Since then, Avid has pressed into countries across Latin America, and central and southern Europe. Switzerland and Spain are especially strong markets, with Spain generating four times as much revenue as the U.K. Indeed, Biderman’s hypothesis is that the site’s commercial appeal seems to be counter-cyclical: the worse a country’s economy, the more its residents seem to want to fool around.
The company today runs eight separate sites, each with their own branding and specializing in distinct market segments, such as older women looking to date younger men, swappers and partiers.
From Ashley Madison’s early days to its current international incarnation, Biderman has understood that the service wouldn’t just sell itself, which is why he pursued what he calls a “Hollywood red-carpet” approach to PR. Borrowing heavily from the movie industry’s publicity machine, Biderman sets out to build buzz as he enters a new market. “We say we’re coming here and invite people to come and talk to us.” News editors, in his experience, rarely pass up an opportunity to publish an interview with someone who runs a business devoted to cheating and sex.
Prevailing cultural mores also determine the degree of media interest: Avid’s publicity campaigns, he says, work “incredibly well” in Catholic countries, as well as in Japan. They have been less successful on the extremes, in countries with strict gender roles, and also in places like France, where infidelity is a long-recognized feature of the political classes and a staple of media coverage. Still, he adds, “There’s never been a launch when no one’s shown up” to the press conference.

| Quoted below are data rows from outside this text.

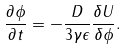<formula> <loc_0><loc_0><loc_500><loc_500>\frac { \partial \phi } { \partial t } = - \frac { D } { 3 \gamma \epsilon } \frac { \delta U } { \delta \phi } .</formula> 
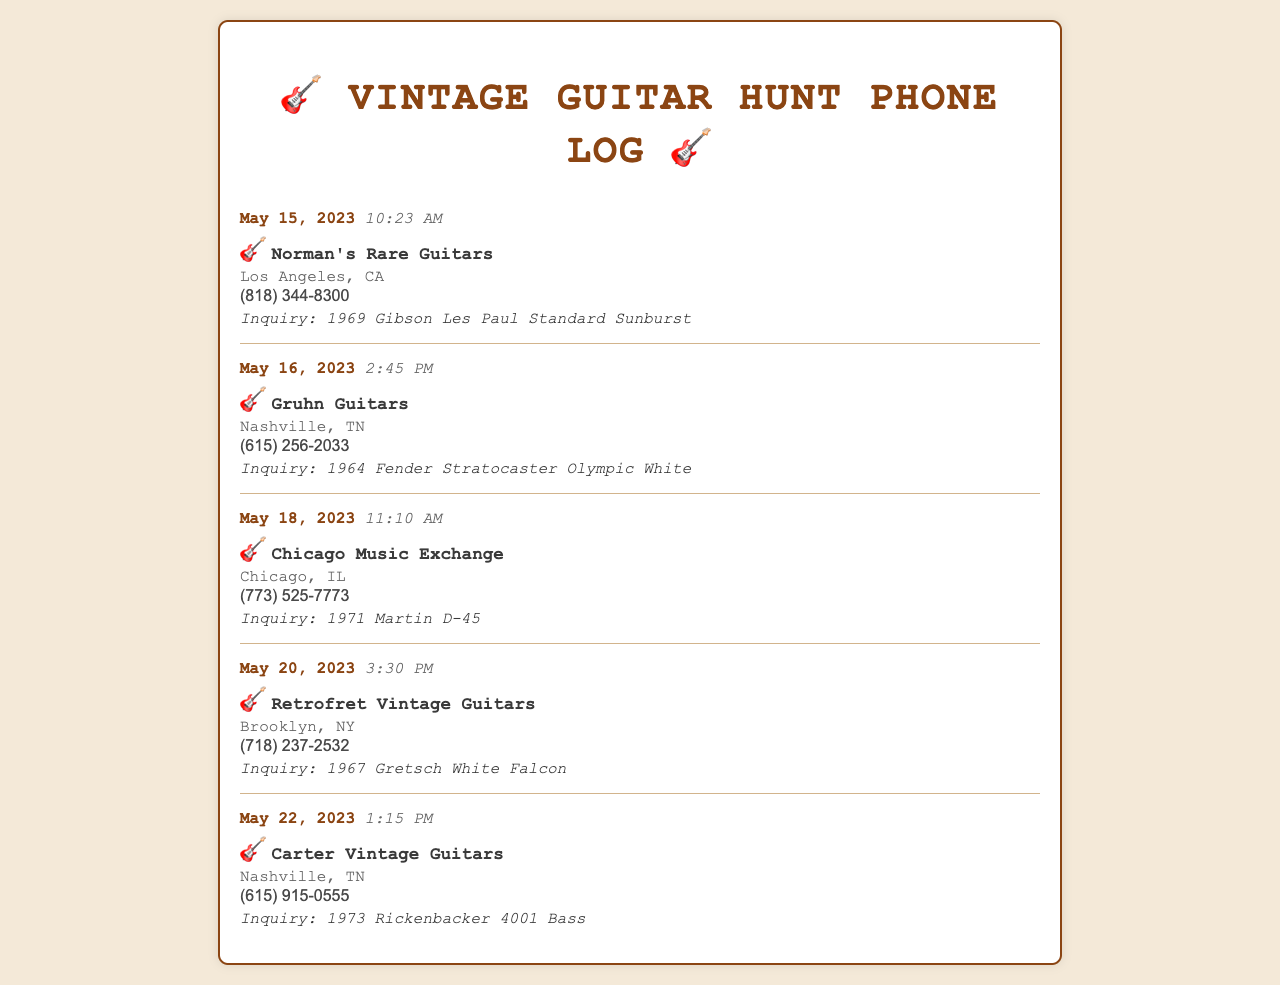what is the date of the first call? The first call was made on May 15, 2023, as shown in the document.
Answer: May 15, 2023 who did the inquiry on May 16, 2023? The inquiry on this date was made to Gruhn Guitars, as indicated in the call log.
Answer: Gruhn Guitars how many calls were made to shops in Nashville? There are two calls listed for shops located in Nashville, TN.
Answer: 2 which guitar was inquired about at Norman's Rare Guitars? The inquiry at Norman's Rare Guitars was about a 1969 Gibson Les Paul Standard Sunburst.
Answer: 1969 Gibson Les Paul Standard Sunburst what was the time of the call to Chicago Music Exchange? The call to Chicago Music Exchange was made at 11:10 AM, according to the log.
Answer: 11:10 AM which shop was contacted last? The shop contacted last was Carter Vintage Guitars on May 22, 2023.
Answer: Carter Vintage Guitars what type of guitar was inquired about at Retrofret Vintage Guitars? The inquiry was about a 1967 Gretsch White Falcon, as stated in the inquiry.
Answer: 1967 Gretsch White Falcon how many different shops were contacted? There are five different shops contacted based on the document records.
Answer: 5 what is the phone number for Chicago Music Exchange? The phone number provided for Chicago Music Exchange is (773) 525-7773.
Answer: (773) 525-7773 
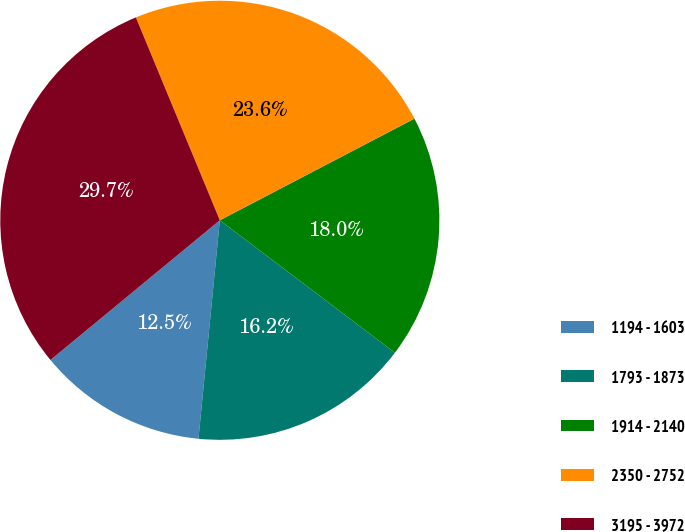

Asked how Avid’s brand awareness strategy could apply to other export-oriented businesses, Biderman allows that the vast majority of companies don’t offer a service that’s as intriguing as his. “Ninety-nine percent of businesses don’t have an interesting public relations story.”
But, he adds, the learning isn’t about the specific tactic—a media relations blitz packed with juicy statistics about infidelity—but rather the broader importance of building brand awareness through whichever channels make the most sense for a given firm in a given industry. And, he adds, even a company with obvious curiosity appeal, like Avid’s, doesn’t become a household name without a lot of hard work on the back end. “This wasn’t a one night sensation.”